The news has been abuzz about Google’s upcoming OS. Many people have been arguing reasons for and against the system, its viability in such a market, and, if the OS is successful, even the morality of the company who may be trusted with even more private information than it already has. Well, here’s another reason for Chrome OS: it could bring more jobs in the area of Linux IT.With the worldwide recession, people in just about every industry are feeling or at least witnessing the effects in some way. According to CV Screen, a recruitment agency, the IT industry overall has lost 55% of its jobs in the last twelve months. On the other hand, open source jobs have been able to weather the storm a little easier; Linux IT jobs have only dropped by about 30% in that same twelve months, meaning that Linux IT seems to be the better way to go if one intends on keeping his or her occupation.

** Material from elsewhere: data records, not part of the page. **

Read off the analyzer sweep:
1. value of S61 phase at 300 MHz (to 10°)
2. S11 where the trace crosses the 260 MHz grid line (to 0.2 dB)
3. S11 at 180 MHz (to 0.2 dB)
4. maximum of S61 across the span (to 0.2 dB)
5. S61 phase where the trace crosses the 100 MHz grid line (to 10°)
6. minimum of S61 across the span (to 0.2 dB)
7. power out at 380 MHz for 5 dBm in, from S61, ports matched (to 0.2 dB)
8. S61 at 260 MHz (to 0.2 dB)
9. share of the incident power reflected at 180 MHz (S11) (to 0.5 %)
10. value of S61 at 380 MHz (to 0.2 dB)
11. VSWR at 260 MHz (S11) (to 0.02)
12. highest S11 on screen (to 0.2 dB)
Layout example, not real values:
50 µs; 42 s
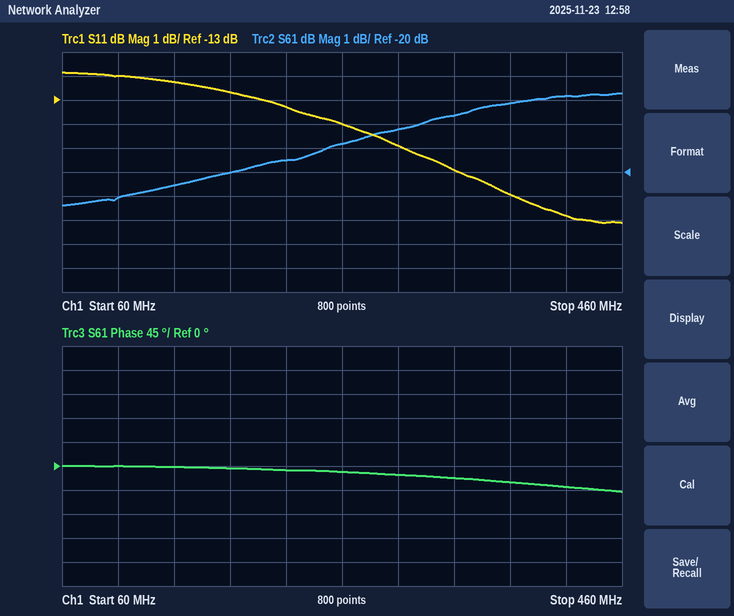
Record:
-20°; -14.0 dB; -12.6 dB; -16.8 dB; 0°; -21.4 dB; -12.2 dBm; -18.8 dB; 5.5 %; -17.2 dB; 1.50; -11.8 dB
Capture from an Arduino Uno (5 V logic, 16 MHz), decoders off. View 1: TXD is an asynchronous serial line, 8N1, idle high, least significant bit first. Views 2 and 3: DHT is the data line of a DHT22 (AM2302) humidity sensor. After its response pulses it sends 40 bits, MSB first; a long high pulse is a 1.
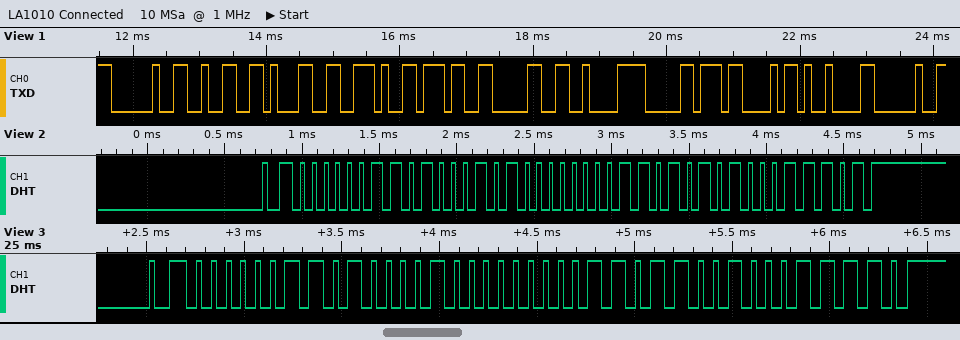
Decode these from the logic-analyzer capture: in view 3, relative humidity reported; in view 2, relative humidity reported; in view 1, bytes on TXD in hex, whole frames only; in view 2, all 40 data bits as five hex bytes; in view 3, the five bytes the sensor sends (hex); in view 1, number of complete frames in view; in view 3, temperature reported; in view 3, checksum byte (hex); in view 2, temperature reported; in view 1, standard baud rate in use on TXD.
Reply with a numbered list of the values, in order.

1. 83.4 %
2. 83.7 %
3. 20 32 31 2E 37 30 C2 B0 43 09 20
4. 03 45 00 D5 1D
5. 03 42 00 D9 1E
6. 11
7. 21.7 °C
8. 0x1E
9. 21.3 °C
10. 9600 baud
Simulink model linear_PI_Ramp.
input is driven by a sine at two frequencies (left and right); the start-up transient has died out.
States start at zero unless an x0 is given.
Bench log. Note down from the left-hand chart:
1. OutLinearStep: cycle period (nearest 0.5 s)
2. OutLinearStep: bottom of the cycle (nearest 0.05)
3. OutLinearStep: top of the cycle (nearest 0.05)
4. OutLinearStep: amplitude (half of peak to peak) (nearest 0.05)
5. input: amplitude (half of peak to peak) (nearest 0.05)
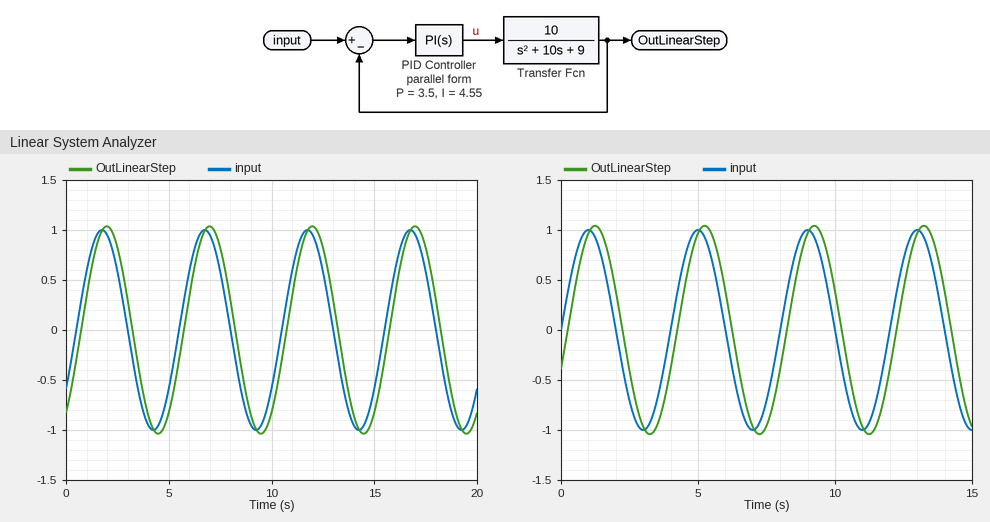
5.0 s
-1.05
1.05
1.05
1.00
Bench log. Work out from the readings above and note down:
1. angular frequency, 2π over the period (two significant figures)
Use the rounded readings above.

1.3 rad/s
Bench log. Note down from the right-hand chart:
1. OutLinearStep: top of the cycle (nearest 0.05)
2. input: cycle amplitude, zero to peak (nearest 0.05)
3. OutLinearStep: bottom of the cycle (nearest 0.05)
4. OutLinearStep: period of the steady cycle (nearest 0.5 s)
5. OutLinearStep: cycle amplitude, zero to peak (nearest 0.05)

1.05
1.00
-1.05
4.0 s
1.05
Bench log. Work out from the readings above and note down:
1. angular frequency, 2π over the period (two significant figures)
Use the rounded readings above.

1.6 rad/s
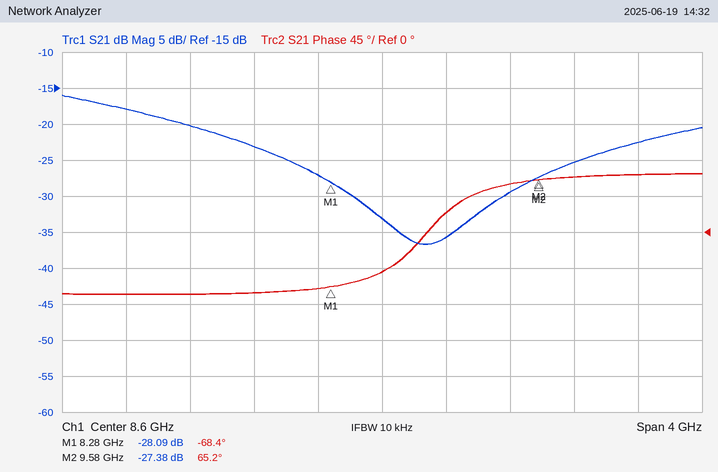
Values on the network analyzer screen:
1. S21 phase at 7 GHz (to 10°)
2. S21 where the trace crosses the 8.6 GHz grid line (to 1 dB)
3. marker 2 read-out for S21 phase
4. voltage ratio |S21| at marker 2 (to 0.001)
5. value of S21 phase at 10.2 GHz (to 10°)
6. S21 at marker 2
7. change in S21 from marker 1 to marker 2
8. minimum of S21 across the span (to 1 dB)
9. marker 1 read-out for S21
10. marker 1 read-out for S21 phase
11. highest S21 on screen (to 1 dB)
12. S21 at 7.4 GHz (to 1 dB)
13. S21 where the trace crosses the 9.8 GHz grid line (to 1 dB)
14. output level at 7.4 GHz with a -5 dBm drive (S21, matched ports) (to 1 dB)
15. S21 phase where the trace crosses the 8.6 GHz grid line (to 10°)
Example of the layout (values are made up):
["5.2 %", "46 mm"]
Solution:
["-80°", "-33 dB", "65.2°", "0.043", "70°", "-27.38 dB", "0.71 dB", "-37 dB", "-28.09 dB", "-68.4°", "-16 dB", "-20 dB", "-25 dB", "-25 dBm", "-50°"]
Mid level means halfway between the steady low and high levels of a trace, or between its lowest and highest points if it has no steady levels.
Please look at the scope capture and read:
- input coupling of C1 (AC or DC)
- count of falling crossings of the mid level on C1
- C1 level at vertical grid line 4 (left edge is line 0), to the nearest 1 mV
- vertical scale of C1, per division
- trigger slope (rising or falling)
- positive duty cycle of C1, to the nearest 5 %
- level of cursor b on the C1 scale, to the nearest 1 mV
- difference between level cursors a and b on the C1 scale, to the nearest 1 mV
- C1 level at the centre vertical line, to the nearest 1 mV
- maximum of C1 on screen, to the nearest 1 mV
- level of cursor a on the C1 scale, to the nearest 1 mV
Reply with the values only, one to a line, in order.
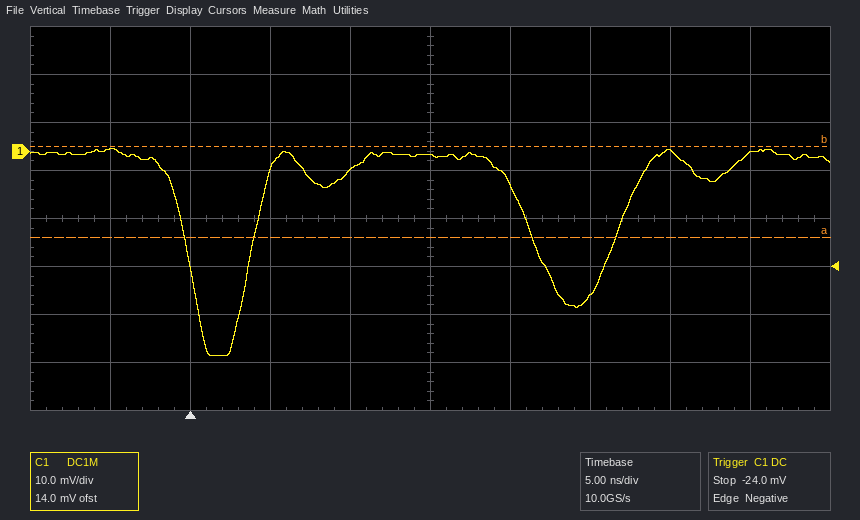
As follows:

Even still, 30% is a large cut, and there are many successful Linux IT personnel who simply had to be let go from their respective companies. However, CV Screen predicts that Google’s Chrome OS will help Linux IT to rebound. Not only is Google already looking for more software engineers experienced in Linux, but the industry as a whole will begin hiring more. With open source-related jobs already better off than other tech-related occupations, the introduction of another open source product from one of the most known companies in the world may just help bring more jobs to the scene.
From the mouth of Matthew Iveson, director of specialist IT recruitment at CV Screen:
In what has been a tough marketplace, we have seen demand for open source technologies such as PHP, Linux, and MySQL hold up fairly well, and it is one area where we have been regularly placing candidates. We anticipate that the long term impact will be an increased demand for IT professionals who are required to support Linux based systems. This is likely to mean that Linux professionals with qualifications such as LCP, LCE or RHCE will be much sought after by employers.
What it sounds like to me is that Chrome OS is only a drop– or maybe a gallon jug (or liter for those in Europe and elsewhere)– in a vast lake. As popular as it may become, open source is already spread vastly and is used by many companies especially for servers and other IT-related needs. Chrome OS, with all of its probable pros and cons, can only help in the job scene: more software engineers, more customer support, more Linux-friendly geeks in Office Depot to help people decide whether to choose the Windows or the Chrome netbook. That’s all hypothetical, of course. What if Chrome OS netbooks aren’t pushed into retail stores as much as one might think? What if the stores don’t hire Linux-friendly geeks and the general populace buys Windows because it’s what they know? I suppose we’ll see in a few years.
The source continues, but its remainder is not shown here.